Eine stürmisch gefeierte Premiere „Die Ärztin“ am Stadttheater Ingolstadt
Es ist selten, dass das komplette Publikum bei einer Aufführung derart begeistert ist wie am Samstag, den 8. Februar bei der Premiere von „Die Ärztin“: die Zuschauer hält es nach zwei dichten Stunden nicht mehr auf den Sitzen und sie halten Minuten lang stürmische Standing Ovation.
Die Begeisterung galt der sehr freien Adaption von Arthur Schnitzlers „Professor Bernhardi“, des englische Regisseurs und Dramatikers Robert Ickle.

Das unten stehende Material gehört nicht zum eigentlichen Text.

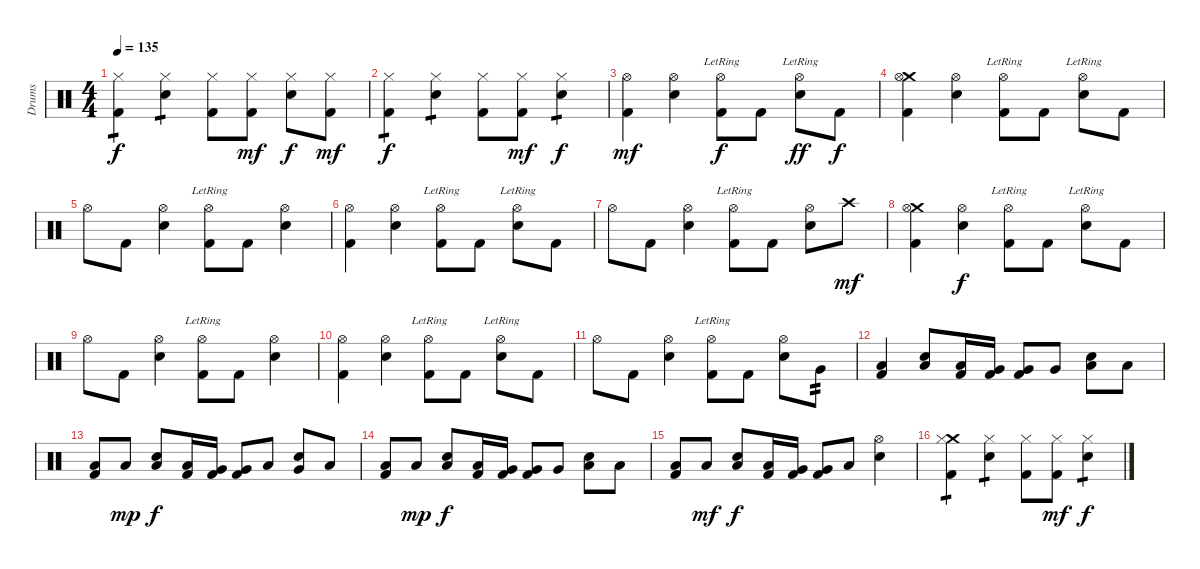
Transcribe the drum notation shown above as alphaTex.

Seine Bearbeitung „The Doctor“feierte 2019 Uraufführung in London und wurde von der New York Times zum „das Stück des Jahrzehnts“ erklärt wurde.
Der Ausgangspunkt beider Geschichten ist ähnlich: Ein Mädchen liegt nach einer heimlichen, missglückten Abtreibung im Krankenhaus im Sterben. Der behandelnde Arzt verweigert einem katholischen Priester den Zugang zu der Sterbenden, um dem ahnungslosen Mädchen ein friedliches Sterben zu ermöglichen und ihr so die Todesangst zu ersparen. Während der hitzigen Auseinandersetzung stirbt das junge Mädchen.
In Ickles Drama ist Professor Bernhardi die jüdische Ärztin Ruth Wolff und eine der besten Medizinerinnen des Landes. Sie ist Mitbegründerin und Leiterin eines Forschungsinstituts für Alzheimererkrankungen. Der Vorfall mit dem katholischen Priester schlägt hohe Wellen, wird zu einem politischen und rassistischen Skandal aufgebauscht, bis hin zu einem vernichtenden, medialen Shitstorm. Die komplexen Diskussionen, die ihr Handeln auslöste, arten in ausufernde, moralisierende Identitätsfragen, es geht um Religion contra Medizin, katholisch gegen jüdisch, Rassismus und Frauenfeindlichkeit.Es stehen sich unterschiedliche religiöse und gesellschaftliche Positionen unversöhnlich gegenüber. Die Ärztin, die sich weigert das Spiel mitzuspielen wird auch in ihrem Selbstverständnisses als Fachfrau nicht nur in Frage gestellt, sondern auch vernichtet.
Für die herausragende Inszenierung konnte man Nurkan Erpulat gewinnen Mit Gitti Scherers Drehbühne, auf der mehrere Klinikräumen und einem gemütlichen Wohnzimmer.platziert sind, ist durchgängig ein Szenenwechsel mit schnellen Schnitten möglich. Die herausragende,dichte Inszenierung überzeugt und begeistern durch ein ausnahmslos hervorragendes Ensemble: Diana Marie Müller, Richard Putzinger, Peter, Reisser, Enrico Spohn, Murat Seven, Peter Polgar, Teresa Trauth, Berna Celebi und Julius Böhning. In der Rolle der Ärztin begeisterte die fantastische Viktoria Voss, die ohne Pause während der zwei Stunden auf der Bühne jede Minute absolut präsent ist und überzeugte einmal mehr mit ihrem herausragenden Können.